# EXERCISE PROMPT
Exactly as they appear, output all of the records. Skip any images.

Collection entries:
╔══
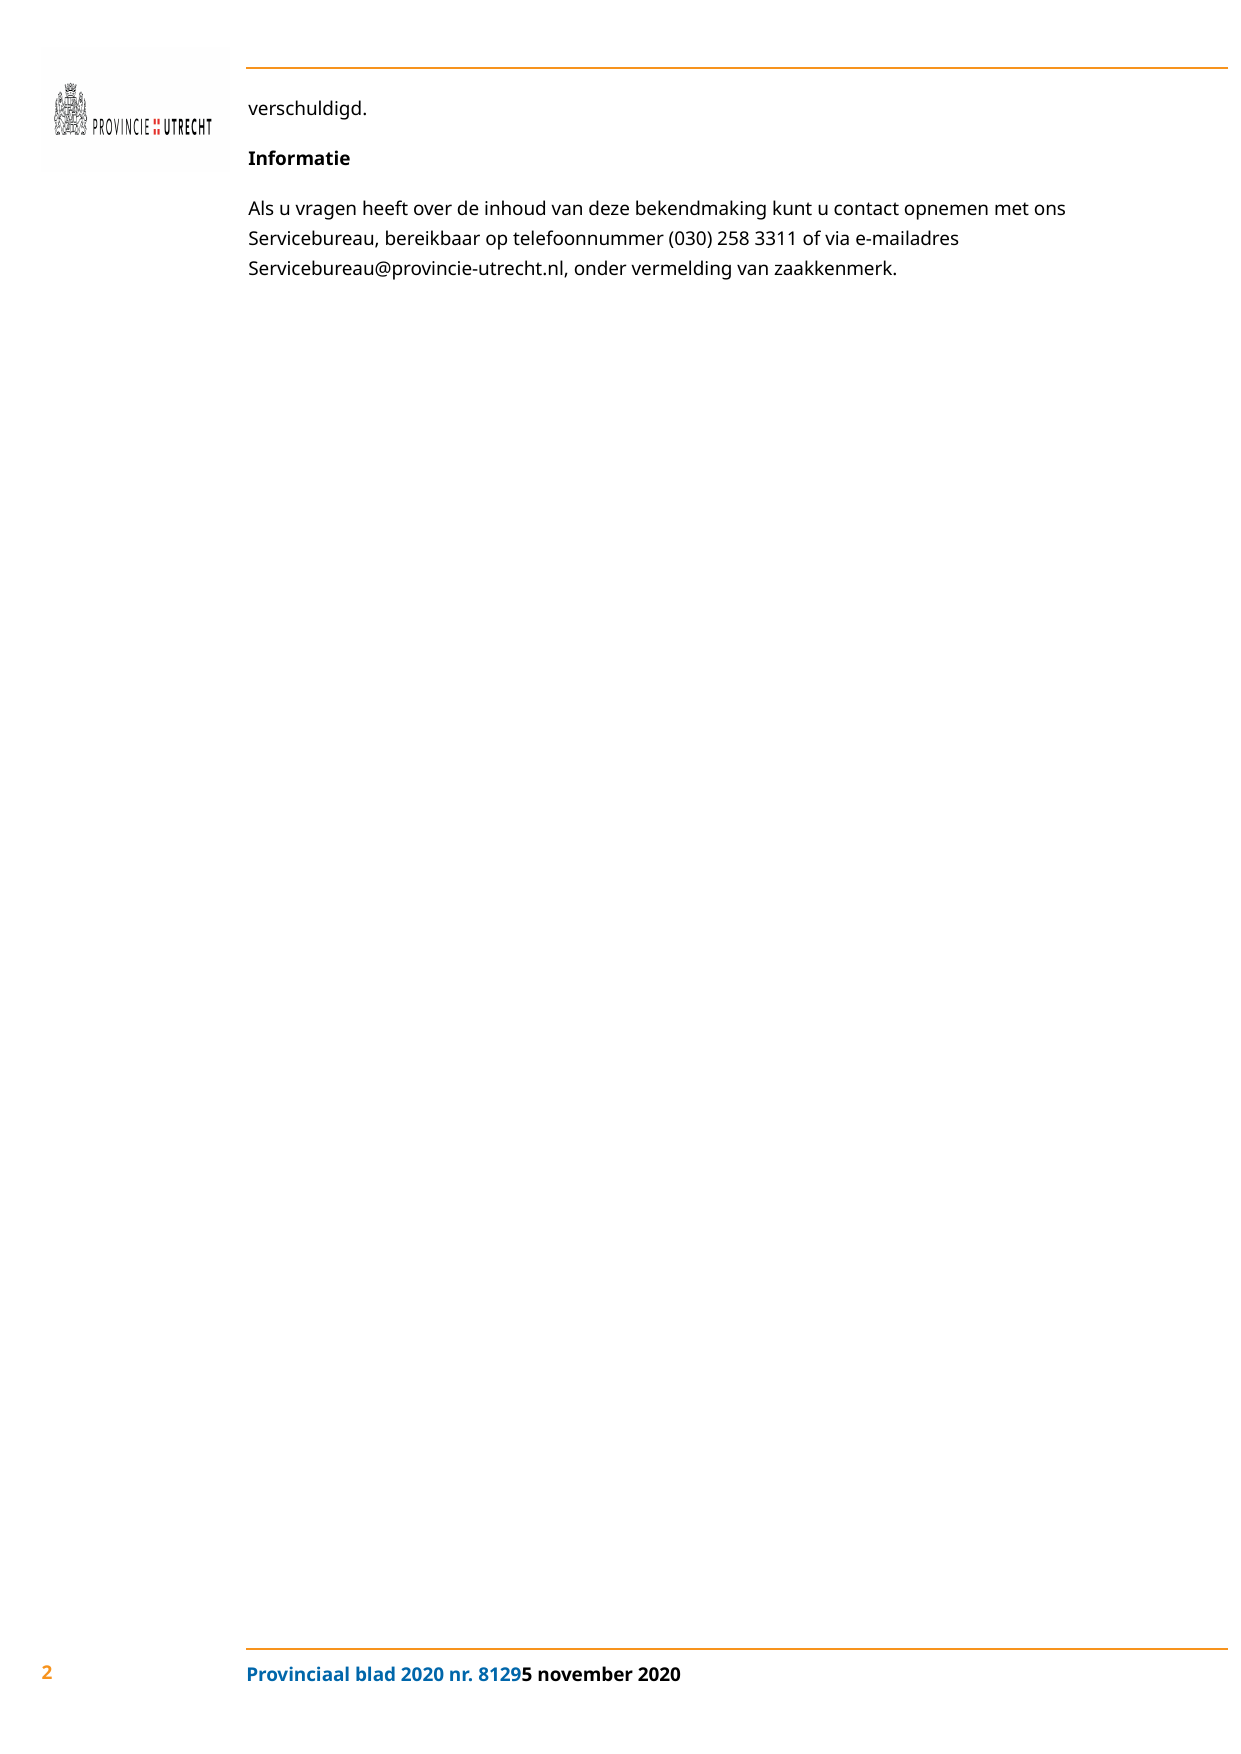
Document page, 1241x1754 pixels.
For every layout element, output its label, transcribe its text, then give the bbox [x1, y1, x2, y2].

text Als u vragen heeft over de inhoud van deze bekendmaking kunt u contact opnemen met ons Servicebureau, bereikbaar op telefoonnummer (030) 258 3311 of via e-mailadres Servicebureau@provincie-utrecht.nl, onder vermelding van zaakkenmerk. [248, 196, 1152, 281]
text Informatie [248, 145, 1152, 171]
text verschuldigd. [248, 95, 1152, 121]
picture [41, 47, 231, 172]
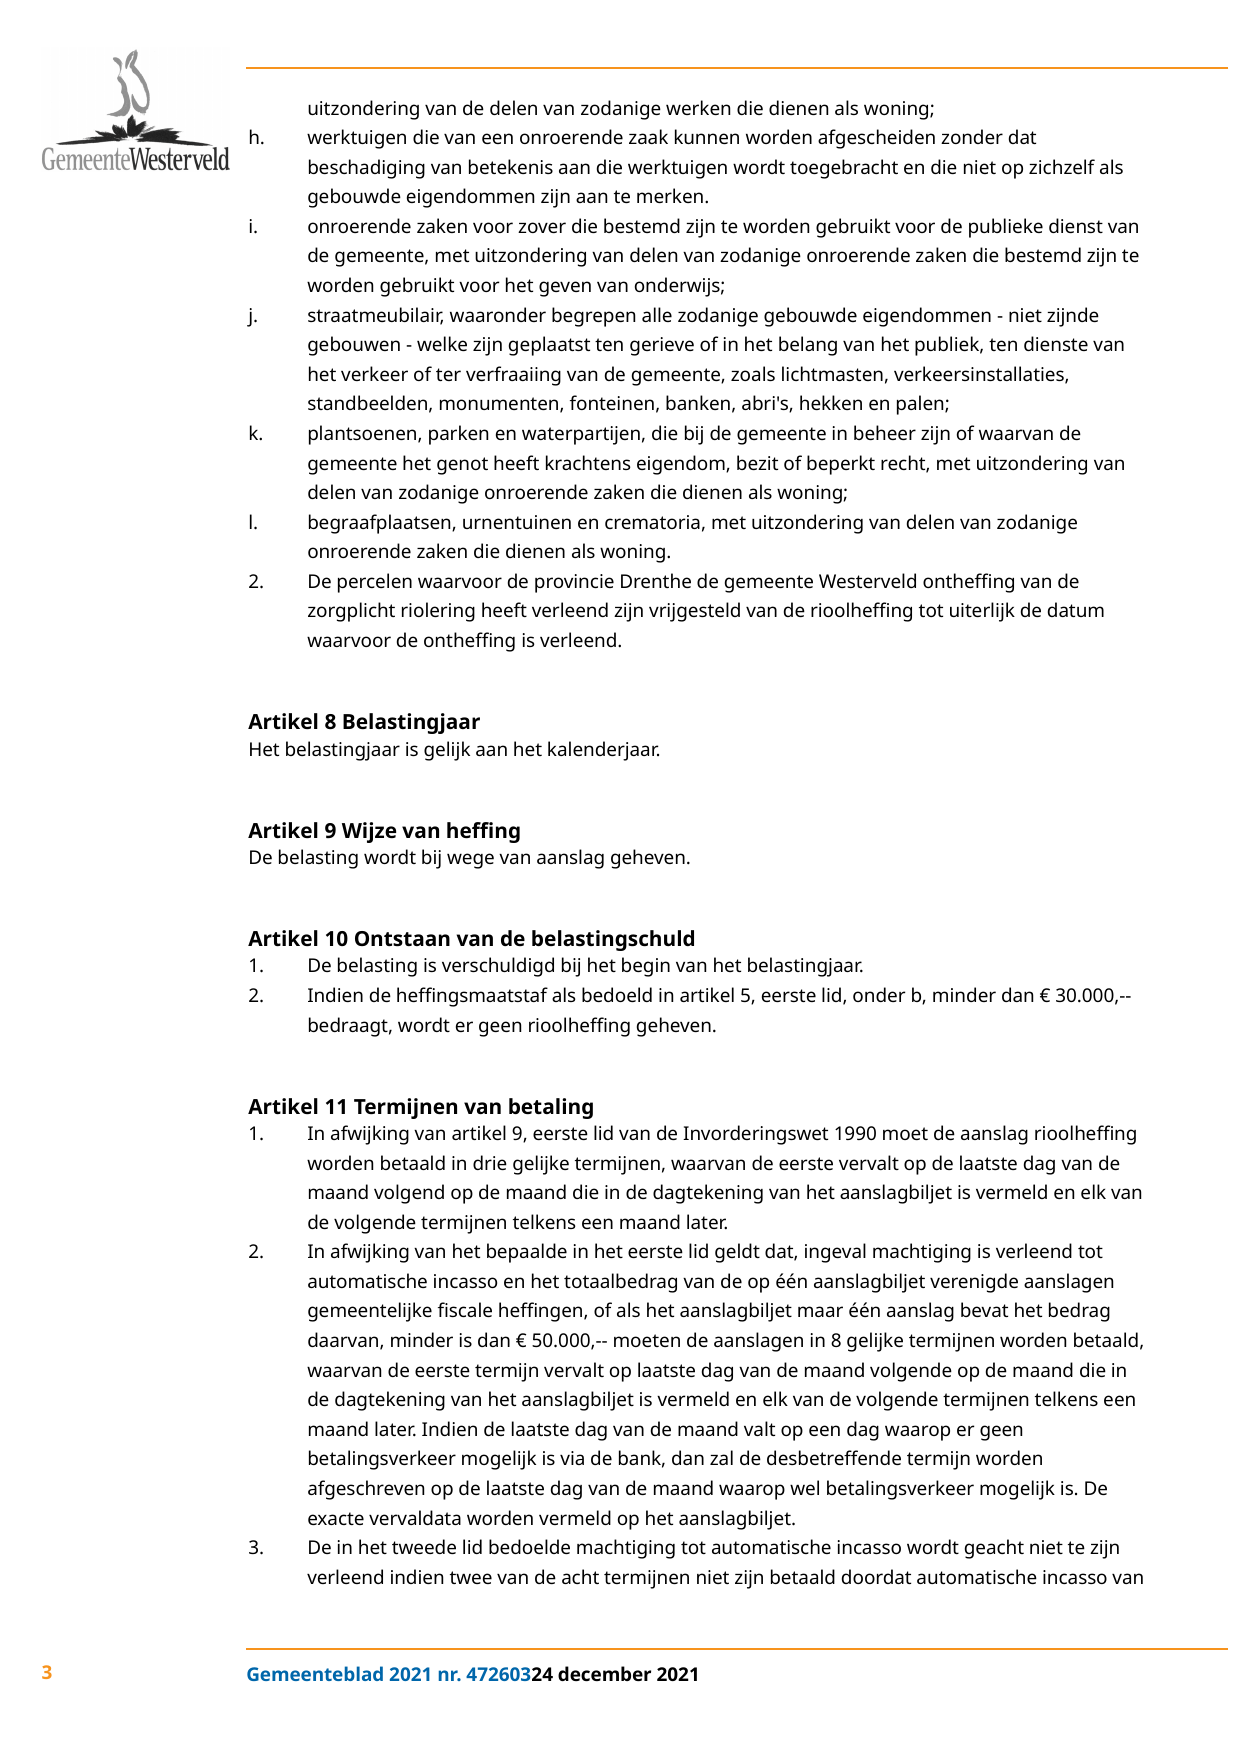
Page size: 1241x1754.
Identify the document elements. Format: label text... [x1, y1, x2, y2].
╚══
# WRITTEN RESPONSE
Document page, 1241x1754 pixels.
For every layout element, output its label, transcribe its text, then give the bbox [x1, y1, x2, y2].

text Als u vragen heeft over de inhoud van deze bekendmaking kunt u contact opnemen met ons Servicebureau, bereikbaar op telefoonnummer (030) 258 3311 of via e-mailadres Servicebureau@provincie-utrecht.nl, onder vermelding van zaakkenmerk. [248, 196, 1152, 281]
text Informatie [248, 145, 1152, 171]
text verschuldigd. [248, 95, 1152, 121]
picture [41, 47, 231, 172]
Page size: 1241x1754.
Identify the document elements. Format: label text... [x1, y1, x2, y2].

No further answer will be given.